Civil Beat photographer Cory Lum spent a day in the heart of the Kilauea eruption zone where at least 26 homes were destroyed.
Lava flows cover part of Molala Street in Leilani Estates. At least 36 structures — including 26 homes — have been destroyed by eruptions and lava flows from the Kilauea volcano.
Cracked roads on Kahukai Street in Leilani Estates, where alerts went off on Tuesday notifying residents of an emergency evacuation due to poisonous gases.
Mick Kalber, a professional photographer and filmmaker who specializes in shooting volcanos, loads up his large mower, shredder and tools after the county allowed Leilani Estates residents to check on their homes. A short time later, the county issued an alert ordering emergency evacuation due to poisonous sulfur dioxide fumes.
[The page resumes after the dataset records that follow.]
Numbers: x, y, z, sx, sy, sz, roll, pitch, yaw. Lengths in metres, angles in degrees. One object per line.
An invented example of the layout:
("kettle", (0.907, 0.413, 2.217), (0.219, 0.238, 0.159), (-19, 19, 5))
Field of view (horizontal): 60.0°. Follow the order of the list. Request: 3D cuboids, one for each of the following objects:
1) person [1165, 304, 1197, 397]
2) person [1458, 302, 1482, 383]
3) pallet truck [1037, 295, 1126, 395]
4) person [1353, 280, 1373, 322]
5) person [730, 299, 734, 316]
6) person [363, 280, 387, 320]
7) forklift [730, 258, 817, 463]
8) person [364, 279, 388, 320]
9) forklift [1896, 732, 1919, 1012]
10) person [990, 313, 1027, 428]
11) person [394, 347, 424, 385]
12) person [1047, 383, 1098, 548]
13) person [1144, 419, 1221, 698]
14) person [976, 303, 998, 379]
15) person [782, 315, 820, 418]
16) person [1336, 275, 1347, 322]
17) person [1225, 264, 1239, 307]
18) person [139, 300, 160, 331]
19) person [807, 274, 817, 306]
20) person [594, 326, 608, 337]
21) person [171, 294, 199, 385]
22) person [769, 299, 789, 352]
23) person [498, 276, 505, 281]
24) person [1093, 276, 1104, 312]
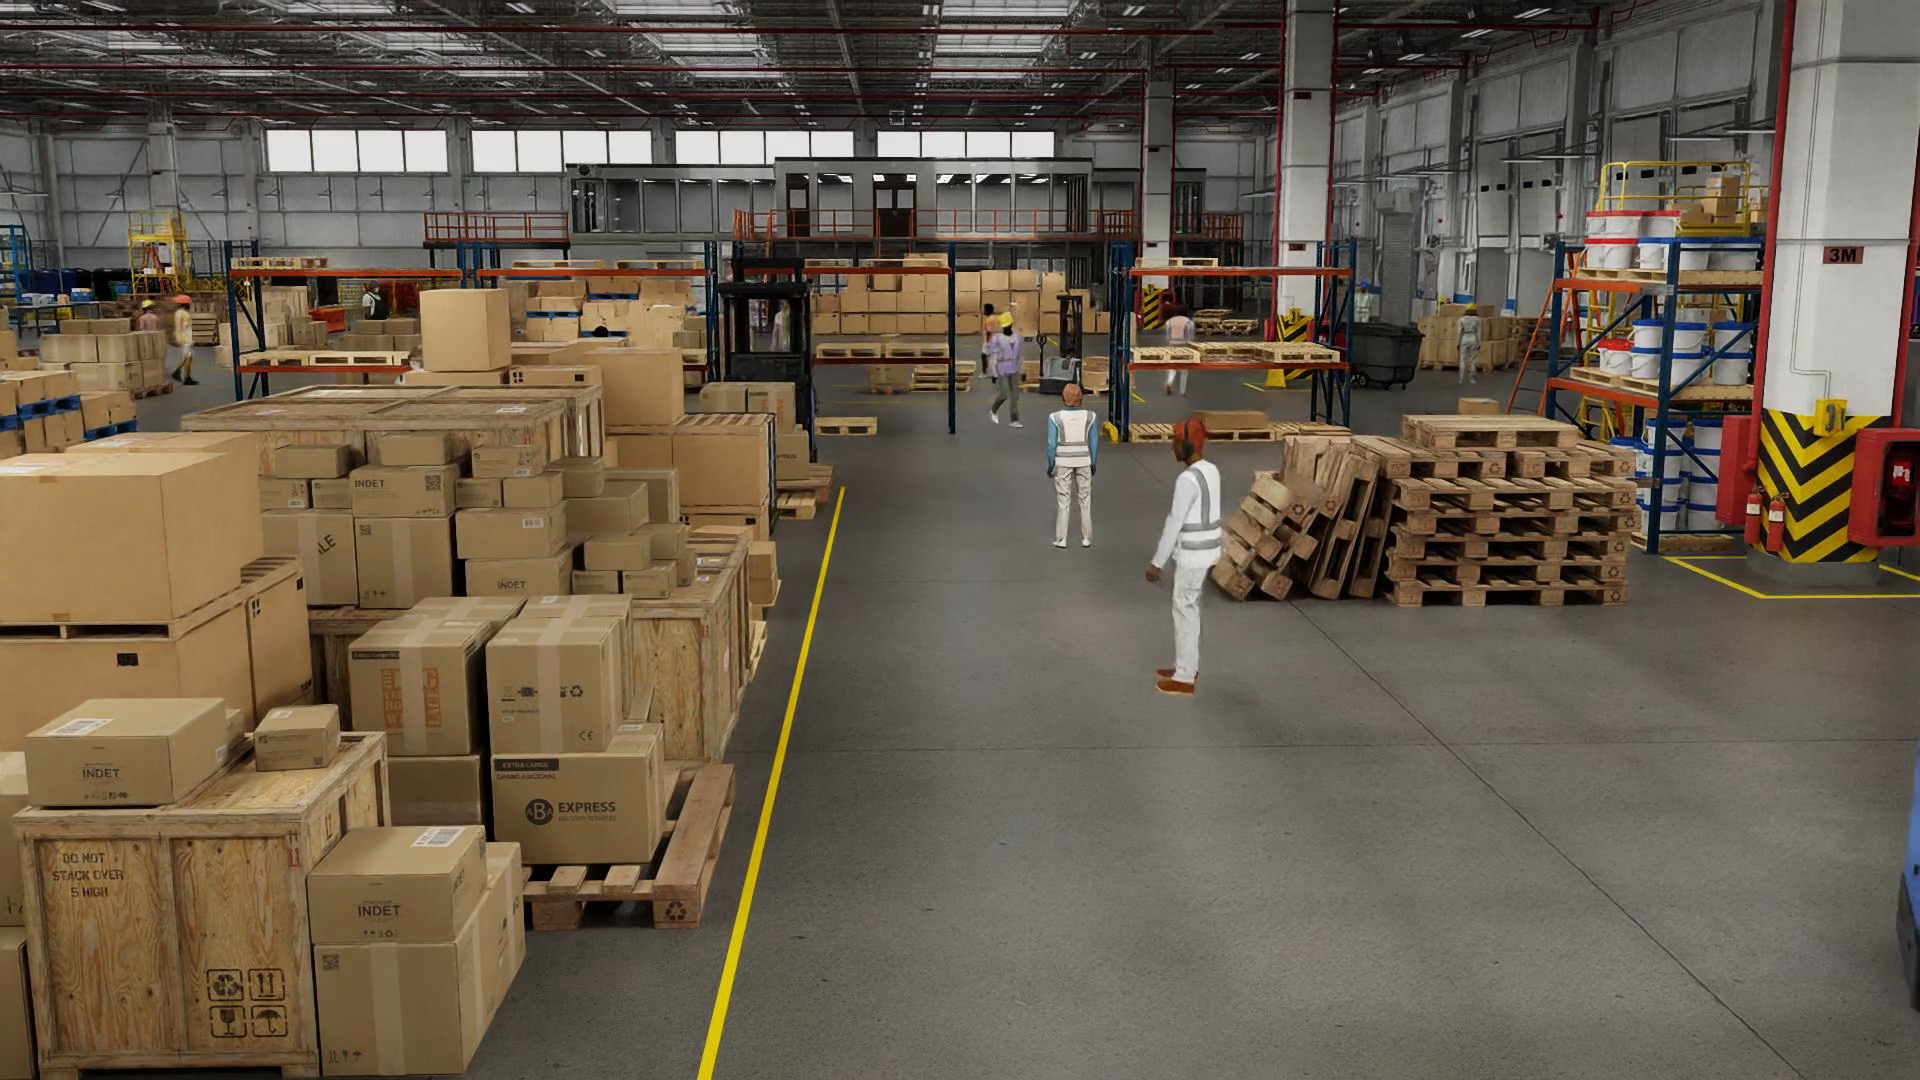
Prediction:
("person", (4.324, -3.691, 32.477), (0.643, 1.833, 0.439), (6, 12, 32))
("person", (10.963, -4.245, 35.796), (0.492, 1.742, 0.320), (4, 11, 21))
("pallet truck", (2.483, -3.881, 33.060), (1.885, 1.965, 0.823), (-7, 13, -36))
("person", (11.450, -6.416, 47.351), (0.631, 1.934, 0.497), (5, 11, 27))
("person", (-4.862, -4.369, 36.179), (0.328, 1.861, 0.502), (6, 12, 29))
("person", (-15.239, -5.769, 43.459), (0.537, 2.000, 0.682), (2, 10, 8))
("forklift", (-2.446, -2.236, 21.439), (1.129, 2.768, 1.873), (0, 10, -2))
("person", (-16.656, -6.417, 47.276), (0.956, 1.954, 0.639), (8, 13, 37))
("forklift", (4.733, 0.495, 6.222), (1.873, 2.768, 1.129), (5, 11, 25))
("person", (0.759, -2.777, 27.202), (0.617, 1.893, 0.578), (-7, 12, -34))
("person", (-5.937, -1.173, 18.304), (0.653, 1.881, 1.037), (3, 11, 14))
("person", (1.116, -0.729, 16.497), (0.512, 1.641, 0.309), (-2, 10, -8))
("person", (1.498, 0.122, 11.117), (0.476, 1.874, 0.588), (4, 11, 23))
("person", (0.633, -4.397, 36.808), (0.504, 1.678, 0.620), (2, 10, 14))
("person", (-2.815, -2.916, 28.247), (0.959, 1.802, 0.524), (-5, 11, -27))
("person", (13.279, -8.317, 58.083), (0.591, 1.899, 0.852), (-6, 12, -28))
("person", (12.736, -11.936, 78.017), (0.604, 1.952, 0.813), (-1, 10, -4))
("person", (-17.920, -4.409, 36.678), (0.692, 1.739, 0.558), (5, 11, 25))
("person", (-5.266, -8.390, 58.371), (0.547, 1.929, 0.389), (-5, 11, -25))
("person", (-4.837, -1.930, 22.463), (0.593, 1.907, 0.414), (-2, 10, -9))
("person", (-16.397, -4.232, 35.219), (0.557, 1.926, 0.451), (9, 13, 40))
("person", (-3.535, -3.831, 33.025), (0.642, 1.906, 0.837), (8, 13, 38))
("person", (-20.200, -11.023, 73.171), (0.494, 1.889, 0.783), (-4, 11, -20))
("person", (4.981, -8.545, 59.606), (0.432, 1.812, 0.754), (6, 12, 29))

Once Mick Kalber was allowed to retrieve items from his home in Leilani Estates on Tuesday, he grabbed golf clubs that his dad gave him.
Ann Kalber removes a large ceramic plate from her home in Leilani Gardens that her son gave to her.
Mick and Ann Kalber quickly go through their refrigerator and belongings after being allowed for the first time back into their Leilani Estates home.
The eruptions and release of sulfur dioxide fumes poisoned trees in the Leilani Estates community. Moments earlier, an evacuation alert had been issued for the neighborhood.
Lave erupts 15 to 20 feet in the air out of one of more than a dozen eruptions from fissures inside Leilani Estates.
Leilani Gardens resident Mick Kalber, a professional photographer and filmmaker, checks out a new outbreak along Kahukai Street along with members of the media.
Tim Coakley films Leilani Estates resident and volcano filmaker Mick Kalber along Kahukai Street.
Aluminum roofing material atop the foundation of a home that was engulfed by lava along Leilani Avenue.
A haku lei set out on the lava flow in Leilani Estates as a possible offering to Pele, the Hawaiian volcano goddess.